Option (3) wouldn't be any better than option (2) though; initially we'd emit device="" devicenode="252:0"
and once the cache refreshed, we'd emit device="dm-0" devicenode="252:0"
for example. This would still break the series, add churn, and have an initially-invalid device name.
So it seems like there's a need to an eager lookup of device names in case of cache misses, and in the meantime maybe option (1) of just discarding such series might be best.

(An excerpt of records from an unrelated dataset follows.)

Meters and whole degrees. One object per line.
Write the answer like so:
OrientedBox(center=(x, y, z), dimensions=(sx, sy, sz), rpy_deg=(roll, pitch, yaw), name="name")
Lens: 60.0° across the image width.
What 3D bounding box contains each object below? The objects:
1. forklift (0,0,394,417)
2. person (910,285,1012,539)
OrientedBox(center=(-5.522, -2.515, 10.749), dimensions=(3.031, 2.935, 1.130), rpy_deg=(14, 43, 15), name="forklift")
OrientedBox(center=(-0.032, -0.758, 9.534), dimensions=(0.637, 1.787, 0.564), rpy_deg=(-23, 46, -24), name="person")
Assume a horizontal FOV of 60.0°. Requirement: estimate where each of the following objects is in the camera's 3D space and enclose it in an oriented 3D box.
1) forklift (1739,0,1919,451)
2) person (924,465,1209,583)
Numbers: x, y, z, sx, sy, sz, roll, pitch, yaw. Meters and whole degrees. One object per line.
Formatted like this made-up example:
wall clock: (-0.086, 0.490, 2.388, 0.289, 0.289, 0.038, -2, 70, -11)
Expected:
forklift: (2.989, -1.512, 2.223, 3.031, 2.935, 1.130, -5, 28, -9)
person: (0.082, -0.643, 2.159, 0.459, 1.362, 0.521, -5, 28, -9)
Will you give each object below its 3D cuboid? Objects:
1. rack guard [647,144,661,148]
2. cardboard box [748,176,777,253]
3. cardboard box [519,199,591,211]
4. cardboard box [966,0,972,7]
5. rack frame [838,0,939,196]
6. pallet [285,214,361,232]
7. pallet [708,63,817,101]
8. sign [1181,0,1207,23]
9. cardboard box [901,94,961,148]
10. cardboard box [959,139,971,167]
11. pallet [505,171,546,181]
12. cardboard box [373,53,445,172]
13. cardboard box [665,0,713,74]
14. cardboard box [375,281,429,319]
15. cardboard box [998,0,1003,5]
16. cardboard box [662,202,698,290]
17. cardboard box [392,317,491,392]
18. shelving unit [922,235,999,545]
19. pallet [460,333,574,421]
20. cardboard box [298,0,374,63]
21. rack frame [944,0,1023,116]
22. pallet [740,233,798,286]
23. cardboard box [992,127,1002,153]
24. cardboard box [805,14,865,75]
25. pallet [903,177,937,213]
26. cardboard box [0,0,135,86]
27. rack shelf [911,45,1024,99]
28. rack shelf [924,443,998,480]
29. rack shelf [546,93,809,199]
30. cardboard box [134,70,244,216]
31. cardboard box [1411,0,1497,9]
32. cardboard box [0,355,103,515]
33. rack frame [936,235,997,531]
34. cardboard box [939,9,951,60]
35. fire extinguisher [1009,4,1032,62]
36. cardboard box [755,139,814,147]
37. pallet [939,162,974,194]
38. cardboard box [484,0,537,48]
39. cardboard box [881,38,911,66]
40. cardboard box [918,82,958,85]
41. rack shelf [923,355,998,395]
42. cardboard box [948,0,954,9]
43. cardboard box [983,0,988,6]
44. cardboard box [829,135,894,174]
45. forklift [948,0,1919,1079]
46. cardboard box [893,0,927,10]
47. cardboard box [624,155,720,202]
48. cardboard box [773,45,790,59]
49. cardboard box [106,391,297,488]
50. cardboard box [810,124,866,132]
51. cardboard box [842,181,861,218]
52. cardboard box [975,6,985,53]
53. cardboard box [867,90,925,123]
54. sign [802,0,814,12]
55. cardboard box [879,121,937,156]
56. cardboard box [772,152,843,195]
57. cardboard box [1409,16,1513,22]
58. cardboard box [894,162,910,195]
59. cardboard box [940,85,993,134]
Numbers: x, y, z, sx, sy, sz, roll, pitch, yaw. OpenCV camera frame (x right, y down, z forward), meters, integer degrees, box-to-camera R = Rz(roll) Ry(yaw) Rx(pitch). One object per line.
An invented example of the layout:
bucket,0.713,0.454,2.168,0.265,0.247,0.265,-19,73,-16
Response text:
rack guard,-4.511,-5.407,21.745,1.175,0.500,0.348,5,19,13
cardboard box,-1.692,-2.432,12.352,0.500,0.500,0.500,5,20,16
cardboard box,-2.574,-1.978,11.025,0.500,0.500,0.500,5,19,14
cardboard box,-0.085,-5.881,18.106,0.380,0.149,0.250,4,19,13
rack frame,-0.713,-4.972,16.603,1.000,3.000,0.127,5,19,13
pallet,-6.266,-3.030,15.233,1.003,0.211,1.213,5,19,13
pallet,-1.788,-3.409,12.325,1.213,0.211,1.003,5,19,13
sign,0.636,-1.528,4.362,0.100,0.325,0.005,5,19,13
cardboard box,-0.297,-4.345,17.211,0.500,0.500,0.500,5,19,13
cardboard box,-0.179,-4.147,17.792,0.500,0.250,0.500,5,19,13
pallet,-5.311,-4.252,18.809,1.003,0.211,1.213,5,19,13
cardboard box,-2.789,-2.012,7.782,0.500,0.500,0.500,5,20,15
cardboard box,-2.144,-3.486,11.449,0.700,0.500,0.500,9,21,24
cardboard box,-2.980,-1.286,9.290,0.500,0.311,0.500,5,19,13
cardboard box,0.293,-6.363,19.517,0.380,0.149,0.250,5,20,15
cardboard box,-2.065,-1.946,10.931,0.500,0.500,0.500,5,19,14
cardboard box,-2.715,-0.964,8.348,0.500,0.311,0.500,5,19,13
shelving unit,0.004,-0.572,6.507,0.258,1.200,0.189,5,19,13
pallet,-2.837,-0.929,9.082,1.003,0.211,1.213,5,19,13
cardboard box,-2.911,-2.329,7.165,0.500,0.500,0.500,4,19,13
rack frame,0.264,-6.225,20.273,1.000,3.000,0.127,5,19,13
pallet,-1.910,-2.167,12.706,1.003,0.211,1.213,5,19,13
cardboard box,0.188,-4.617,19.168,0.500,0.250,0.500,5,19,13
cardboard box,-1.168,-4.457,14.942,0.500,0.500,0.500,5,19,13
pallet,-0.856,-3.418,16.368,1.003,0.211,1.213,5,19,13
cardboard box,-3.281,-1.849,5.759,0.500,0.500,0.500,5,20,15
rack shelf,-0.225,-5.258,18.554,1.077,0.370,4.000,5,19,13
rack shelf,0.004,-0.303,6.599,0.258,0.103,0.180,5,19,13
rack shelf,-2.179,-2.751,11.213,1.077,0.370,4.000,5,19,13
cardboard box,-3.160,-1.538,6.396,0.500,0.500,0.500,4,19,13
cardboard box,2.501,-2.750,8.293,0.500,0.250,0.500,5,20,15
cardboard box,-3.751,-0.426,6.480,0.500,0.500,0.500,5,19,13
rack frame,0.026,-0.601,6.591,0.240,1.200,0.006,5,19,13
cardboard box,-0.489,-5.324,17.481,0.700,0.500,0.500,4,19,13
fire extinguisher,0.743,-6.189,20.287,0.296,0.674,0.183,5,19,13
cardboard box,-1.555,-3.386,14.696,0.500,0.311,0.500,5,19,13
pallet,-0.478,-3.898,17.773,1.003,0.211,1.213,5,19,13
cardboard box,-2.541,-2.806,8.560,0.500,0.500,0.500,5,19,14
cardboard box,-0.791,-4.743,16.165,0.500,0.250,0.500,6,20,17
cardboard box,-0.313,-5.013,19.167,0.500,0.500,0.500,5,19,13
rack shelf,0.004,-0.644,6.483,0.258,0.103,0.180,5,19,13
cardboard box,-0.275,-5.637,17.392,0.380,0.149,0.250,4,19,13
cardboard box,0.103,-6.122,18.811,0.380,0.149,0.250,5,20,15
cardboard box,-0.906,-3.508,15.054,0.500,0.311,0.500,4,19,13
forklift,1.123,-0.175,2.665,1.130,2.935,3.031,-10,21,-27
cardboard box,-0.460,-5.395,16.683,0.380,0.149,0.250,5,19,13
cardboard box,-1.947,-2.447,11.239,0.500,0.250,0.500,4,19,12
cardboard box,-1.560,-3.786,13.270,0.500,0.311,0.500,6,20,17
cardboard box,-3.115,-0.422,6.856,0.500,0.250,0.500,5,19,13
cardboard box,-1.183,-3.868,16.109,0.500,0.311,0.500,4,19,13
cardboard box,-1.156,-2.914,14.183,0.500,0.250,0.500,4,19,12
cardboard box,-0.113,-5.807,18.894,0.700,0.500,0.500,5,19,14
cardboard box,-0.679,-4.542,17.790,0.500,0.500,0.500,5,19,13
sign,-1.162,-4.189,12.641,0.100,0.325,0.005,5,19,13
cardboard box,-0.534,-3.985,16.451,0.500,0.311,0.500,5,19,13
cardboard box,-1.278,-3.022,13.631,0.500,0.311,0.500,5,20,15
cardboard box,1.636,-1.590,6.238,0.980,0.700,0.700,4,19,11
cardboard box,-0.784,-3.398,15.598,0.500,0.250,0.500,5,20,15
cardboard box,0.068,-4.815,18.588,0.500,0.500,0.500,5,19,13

The immediate cause of the cache failing to populate properly in my case looks like it was fixed by #3522 but the underlying weakness in the metrics label scheme remains.
Related
- Not all /sys/block devices will have a "dev" file #3340
- sysinfo: Ignore "hidden" sysfs device entries #3260
- sysfs: trim spaces in device hidden check #3522
Diagnostic details
This issue was observed by running this command to grab both the raw /sys/fs/cgroup/io.stat
and the currently-reported value of container_fs_reads_bytes_total
for a specific pod.
for i in $(seq 1 10) ; do kubectl exec -it -n p-nklcmnw2oj pod/p-nklcmnw2oj-1 -- cat /sys/fs/cgroup/io.stat ; echo; promtool query instant http://localhost:9999 'container_fs_reads_bytes_total{pod=~"p-nklcmnw2oj-1"}'; echo; sleep 1m; done > p-nklcmnw2oj-1-io.stat-1m.txt
The resulting output showed a surprising number of values like container_fs_reads_bytes_total{container="postgres",device=""} 450560
for the target pod+container. This didn't make sense for an aggregate counter for all devices, and it was interspersed with values that would've been consistent for other counters seen in io.stat
.
$ awk -F '=>' '/^container_fs_reads_bytes_total/ { print $2 }' p-nklcmnw2oj-1-io.stat-1m.txt
450560 @[1748570525.479]
210518016 @[1748570525.479]
135649726464 @[1748570589.822]
593107652608 @[1748570589.822]
640986619904 @[1748570655.531]
137259347968 @[1748570655.531]
450560 @[1748570719.619]
450560 @[1748570719.619]
593107824640 @[1748570784.021]
450560 @[1748570784.021]
0 @[1748570847.817]
450560 @[1748570847.817]
0 @[1748570911.649]
450560 @[1748570911.649]
450560 @[1748570975.866]
450560 @[1748570975.866]
450560 @[1748571039.912]
196608 @[1748571039.912]
640986619904 @[1748571103.627]
196608 @[1748571103.627]
This number happens to be the rbytes
value in io.stat
for a number of idle device nodes whose counters aren't increasing:
9:125 rbytes=450560 wbytes=4119887937536 rios=100 wios=49739282 dbytes=0 dios=0
253:1 rbytes=450560 wbytes=4133210316800 rios=100 wios=49925374 dbytes=0 dios=0
253:2 rbytes=450560 wbytes=4133210316800 rios=100 wios=49925374 dbytes=0 dios=0
253:19 rbytes=450560 wbytes=5006616088576 rios=100 wios=76139758 dbytes=0 dios=0
which is why it seems to repeat so often.
What seems to be happening is that cadvisor
is (inadvertently) picking a random device node and emitting its rbytes
value for each scrape of container_fs_reads_bytes_total
because it cannot map the major:minor
to a device name (probably due to #3522).
This is nonsensical behaviour. It shouldn't just emit device=""
in these cases. It should instead visibly fail or add some disambiguating label.
Version info
This specific incident was encountered in the RHOS (openshift) cadvisor embedded in their kubectl rpm version:
Name : openshift-kubelet
Version : 4.18.0
Release : 202505060638.p0.gaf98ede.assembly.stream.el9
... and is caused by their kubelet version omitting #3522.
But it looks like the underlying problem can occur in current master
as of cadvisor v0.52.1 and HEAD commit f6e31a3 if anything else causes cadvisor to be unable to map the device major:minor to a name, or there's a race with newly hot-added devices.